PeerJ
Company
PeerJ is an award-winning, open-access, peer-reviewed journal with an innovative lifetime subscription model.
Team
I was hired as a Senior Software Engineer and later transitioned into the role of DevOps Lead. The technical team was relatively small, consisting of the CEO, one senior developer, and myself. During my time at PeerJ, I also hired a DevOps engineer to support the team.
Challenge
I joined PeerJ while their initial MVP was still in development and contributed to its growth into the platform it is today. Some of the notable projects I worked on during my time there include:
Scaling, Load Testing, & High Availability: I set up and configured Varnish caching, including automating cache invalidation and IP blacklisting. In conjunction with this, I created a JMeter load profile and conducted load tests in a staging environment to optimize the configuration of Apache, PHP, and Varnish. Additionally, I set up a Jenkins build server and developed the deployment process.

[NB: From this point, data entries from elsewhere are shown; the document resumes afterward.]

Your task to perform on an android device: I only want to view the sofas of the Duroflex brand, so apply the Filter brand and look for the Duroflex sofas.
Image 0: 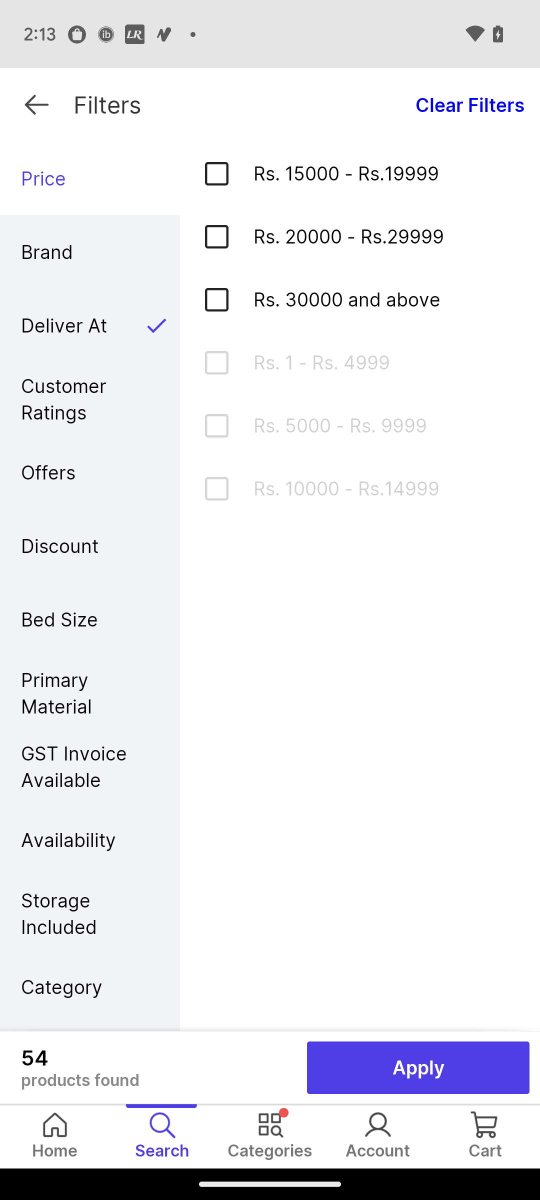
Click on the tab "Brand".
Step 0: click (89, 251)
Image 1: 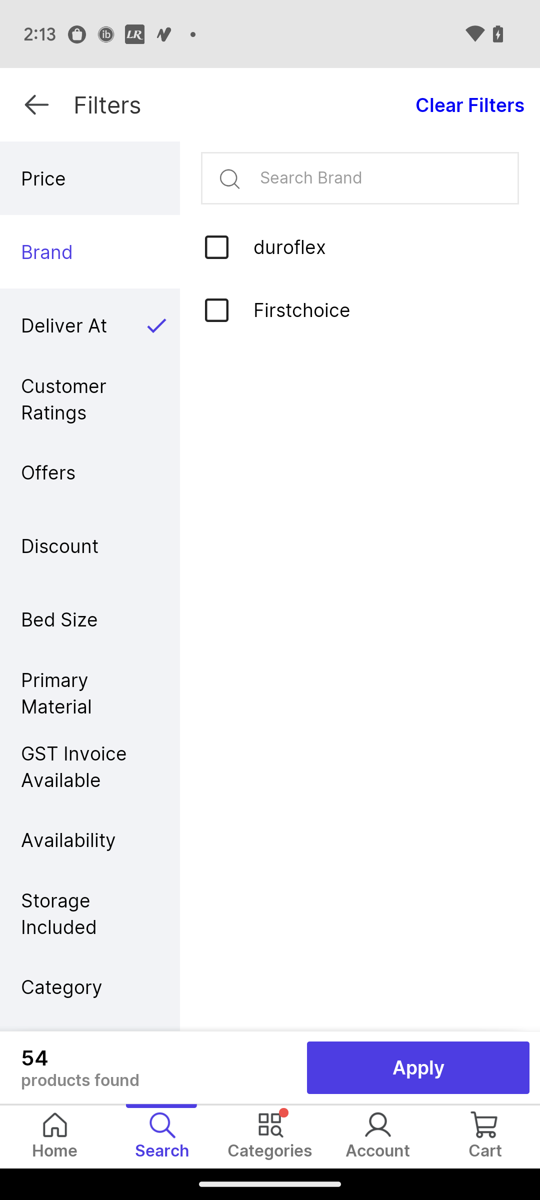
Click on the Checkbox of Duroflex.
Step 1: click (216, 244)
Image 2: 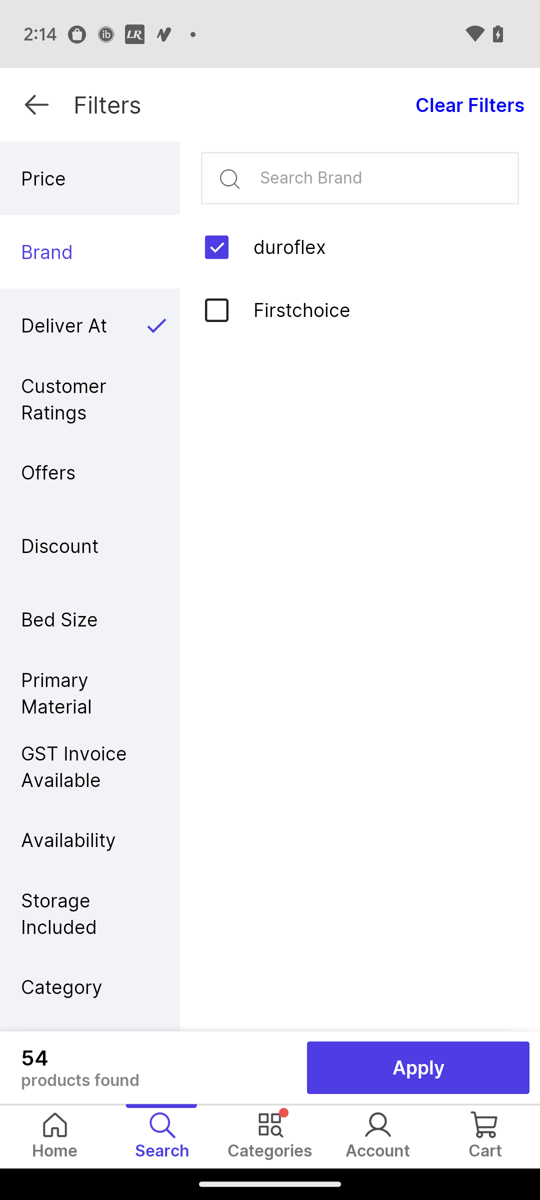
Click on the tab "Apply" at the bottom right corner of the screen.
Step 2: click (418, 1067)

Accurate Page Level Analytics: Initially, we used Google Analytics (GA) to publicly report individual page-level metrics such as page views and PDF downloads. However, we quickly noticed issues with GA, including decreasing metrics or large, one-off jumps that would later return to original levels. I implemented logic to mitigate these anomalies, but it became clear that GA was not a viable long-term solution. To address this, I created an EMR cluster and used Hadoop and Hive to query log files for the same metrics. As part of this process, I implemented IP and bot exclusions to ensure the metrics remained largely consistent with previous data. Additionally, I architected the system to bring the cluster online for only one to two hours each night, retrieving recent metrics while minimizing costs.
Document Collaboration: PeerJ explored a new product to help academics collaborate on documents. The initial system was based on file sharing, and after thorough investigation, I integrated Seafile into the PeerJ platform. Additionally, I made various modifications to the API and adapted the Qt application to align with PeerJ’s branding.
Migration away from Scalr: When I joined PeerJ, Scalr was heavily used for various aspects of the MVP, including job orchestration, server scaling based on load, deployments, and database replication. Due to time constraints, I initially continued using Scalr. However, to achieve cost savings and address occasional issues with its job orchestration engine, I initiated a long-term project to migrate away from Scalr. As part of this migration, we transitioned the database from MySQL to Aurora, eliminating the dependency on Scalr. The Scalr job orchestration was reconfigured to run on several servers using a combination of Cron, Cronlock, Graylog, and MEMon. The deployment process was rebuilt using Ansible and Ansistrano. Additionally, we migrated the website to leverage native AWS Load Balancing.
Document Generation: One of the core components of PeerJ is generating a review PDF that combines the main document with all supporting figures and images for peer reviewers. The system must handle documents of various formats and sizes while ensuring accuracy. I was responsible for ensuring the robustness of this system, utilizing a combination of open-source tools and paid APIs to perform resizing and conversions as required.
Results
PeerJ was highly regarded within the academic community and established itself as a leader in the open-access space. I am proud to have been a part of its journey. In 2024, PeerJ was acquired by Taylor & Francis.
The High Availablity work achieved a one-year uptime of 99.99%, equating to less than one hour of downtime over the year.
The accurate page-level analytics project was essential in maintaining trust within the PeerJ community. Upon completion, we were able to deliver accurate and consistent metrics to our users, resulting in no further complaints.
The document collaboration product successfully reached an alpha release, but ultimately, due to insufficient customer demand, the project was discontinued.
The Scalr migration project was 90% complete when I left PeerJ, with all systems functioning well post-migration, including the resolution of issues with certain jobs failing to run. The project was estimated to reduce costs by 20%, and I am confident that this target was achieved upon its completion.